PROBLEM DETAILS
Give again, exactly as written, each line of the material below starting at the line that contains "1. car (188,195,197,201)" and ending at the line that contains "x;y;z;sx;sy;sz;roll;pitch;yaw;name". Both ends count, and no other line does.

-------- DATASET EXTRACT --------

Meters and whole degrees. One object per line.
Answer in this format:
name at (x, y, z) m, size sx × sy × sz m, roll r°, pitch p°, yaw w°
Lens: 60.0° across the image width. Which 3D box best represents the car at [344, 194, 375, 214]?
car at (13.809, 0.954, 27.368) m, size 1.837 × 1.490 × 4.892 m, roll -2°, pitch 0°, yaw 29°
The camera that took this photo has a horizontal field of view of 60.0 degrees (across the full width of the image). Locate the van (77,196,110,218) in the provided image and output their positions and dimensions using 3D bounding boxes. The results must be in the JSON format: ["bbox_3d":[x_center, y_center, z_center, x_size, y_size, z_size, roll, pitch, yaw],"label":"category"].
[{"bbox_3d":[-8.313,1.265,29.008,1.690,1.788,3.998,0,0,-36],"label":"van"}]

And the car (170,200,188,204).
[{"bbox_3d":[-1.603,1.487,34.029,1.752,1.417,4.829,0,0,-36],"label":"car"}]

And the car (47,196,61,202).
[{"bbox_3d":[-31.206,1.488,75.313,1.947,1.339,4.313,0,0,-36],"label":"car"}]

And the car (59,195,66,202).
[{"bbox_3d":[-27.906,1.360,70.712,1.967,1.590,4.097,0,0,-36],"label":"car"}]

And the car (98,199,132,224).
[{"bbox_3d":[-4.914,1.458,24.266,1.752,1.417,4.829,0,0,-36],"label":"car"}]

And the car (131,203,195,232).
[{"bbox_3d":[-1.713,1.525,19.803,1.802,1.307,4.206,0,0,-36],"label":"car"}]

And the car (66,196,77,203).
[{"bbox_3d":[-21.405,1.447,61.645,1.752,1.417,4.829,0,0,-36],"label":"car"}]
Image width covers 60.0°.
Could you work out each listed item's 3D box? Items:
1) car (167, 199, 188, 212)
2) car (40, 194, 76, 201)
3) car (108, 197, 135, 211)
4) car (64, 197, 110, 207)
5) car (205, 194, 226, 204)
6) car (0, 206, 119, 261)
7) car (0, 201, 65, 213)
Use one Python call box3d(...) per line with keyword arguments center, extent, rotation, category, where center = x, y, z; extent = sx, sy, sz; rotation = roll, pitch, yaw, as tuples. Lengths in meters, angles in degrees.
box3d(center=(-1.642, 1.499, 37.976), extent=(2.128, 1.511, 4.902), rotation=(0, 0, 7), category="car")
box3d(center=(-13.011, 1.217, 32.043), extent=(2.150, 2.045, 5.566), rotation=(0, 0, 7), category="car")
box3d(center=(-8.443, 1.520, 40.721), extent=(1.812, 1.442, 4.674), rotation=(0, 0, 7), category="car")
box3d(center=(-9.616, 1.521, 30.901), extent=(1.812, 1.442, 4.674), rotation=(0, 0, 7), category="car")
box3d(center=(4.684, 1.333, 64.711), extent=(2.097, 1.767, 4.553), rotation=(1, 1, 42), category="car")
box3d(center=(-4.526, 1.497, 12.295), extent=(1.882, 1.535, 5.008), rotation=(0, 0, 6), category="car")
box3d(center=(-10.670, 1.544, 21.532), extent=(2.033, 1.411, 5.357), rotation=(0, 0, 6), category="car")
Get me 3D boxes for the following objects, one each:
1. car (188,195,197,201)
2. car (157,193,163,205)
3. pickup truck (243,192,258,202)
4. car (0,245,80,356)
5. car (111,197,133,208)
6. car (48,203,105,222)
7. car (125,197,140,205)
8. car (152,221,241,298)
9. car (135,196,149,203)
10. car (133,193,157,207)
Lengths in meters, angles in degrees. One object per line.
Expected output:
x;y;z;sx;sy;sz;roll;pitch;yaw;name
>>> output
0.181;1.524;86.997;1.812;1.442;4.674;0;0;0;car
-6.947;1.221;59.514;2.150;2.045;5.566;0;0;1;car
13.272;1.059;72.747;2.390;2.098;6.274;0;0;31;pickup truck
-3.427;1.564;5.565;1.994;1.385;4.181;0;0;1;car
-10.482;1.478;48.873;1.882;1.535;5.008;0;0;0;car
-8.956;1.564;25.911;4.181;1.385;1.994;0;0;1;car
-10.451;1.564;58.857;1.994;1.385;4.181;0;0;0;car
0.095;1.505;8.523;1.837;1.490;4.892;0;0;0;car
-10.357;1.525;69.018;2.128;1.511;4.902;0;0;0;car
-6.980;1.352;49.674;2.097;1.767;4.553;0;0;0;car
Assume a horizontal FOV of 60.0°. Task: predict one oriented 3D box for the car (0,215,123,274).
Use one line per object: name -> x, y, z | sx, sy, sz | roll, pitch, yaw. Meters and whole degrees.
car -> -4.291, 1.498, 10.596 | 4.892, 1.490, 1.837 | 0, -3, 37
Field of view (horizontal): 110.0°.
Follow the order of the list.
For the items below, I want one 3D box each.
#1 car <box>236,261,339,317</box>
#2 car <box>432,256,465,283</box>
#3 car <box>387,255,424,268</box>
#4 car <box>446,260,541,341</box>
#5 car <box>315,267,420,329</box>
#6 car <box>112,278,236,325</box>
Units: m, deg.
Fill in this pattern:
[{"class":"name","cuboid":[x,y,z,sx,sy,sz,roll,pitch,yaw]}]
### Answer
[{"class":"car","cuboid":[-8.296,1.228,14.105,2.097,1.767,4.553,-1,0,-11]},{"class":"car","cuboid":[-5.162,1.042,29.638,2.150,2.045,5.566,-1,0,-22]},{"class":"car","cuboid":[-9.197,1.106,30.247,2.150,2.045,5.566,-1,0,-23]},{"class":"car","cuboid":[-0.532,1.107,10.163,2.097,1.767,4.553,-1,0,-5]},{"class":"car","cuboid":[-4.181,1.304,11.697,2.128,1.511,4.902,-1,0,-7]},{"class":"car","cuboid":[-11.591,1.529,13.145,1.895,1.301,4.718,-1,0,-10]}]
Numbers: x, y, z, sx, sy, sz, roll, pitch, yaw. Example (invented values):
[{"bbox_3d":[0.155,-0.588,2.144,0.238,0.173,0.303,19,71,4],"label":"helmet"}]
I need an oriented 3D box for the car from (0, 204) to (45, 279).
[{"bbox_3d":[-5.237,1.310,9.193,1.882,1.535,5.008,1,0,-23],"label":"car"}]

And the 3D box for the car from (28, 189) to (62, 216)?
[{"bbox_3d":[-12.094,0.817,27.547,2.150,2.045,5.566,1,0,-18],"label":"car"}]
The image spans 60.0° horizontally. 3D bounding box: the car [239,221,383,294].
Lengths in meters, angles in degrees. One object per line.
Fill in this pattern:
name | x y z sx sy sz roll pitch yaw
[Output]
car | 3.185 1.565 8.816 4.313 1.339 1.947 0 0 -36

--------

SOLUTION TO THIS PROBLEM
1. car (188,195,197,201)
2. car (157,193,163,205)
3. pickup truck (243,192,258,202)
4. car (0,245,80,356)
5. car (111,197,133,208)
6. car (48,203,105,222)
7. car (125,197,140,205)
8. car (152,221,241,298)
9. car (135,196,149,203)
10. car (133,193,157,207)
Lengths in meters, angles in degrees. One object per line.
Expected output:
x;y;z;sx;sy;sz;roll;pitch;yaw;name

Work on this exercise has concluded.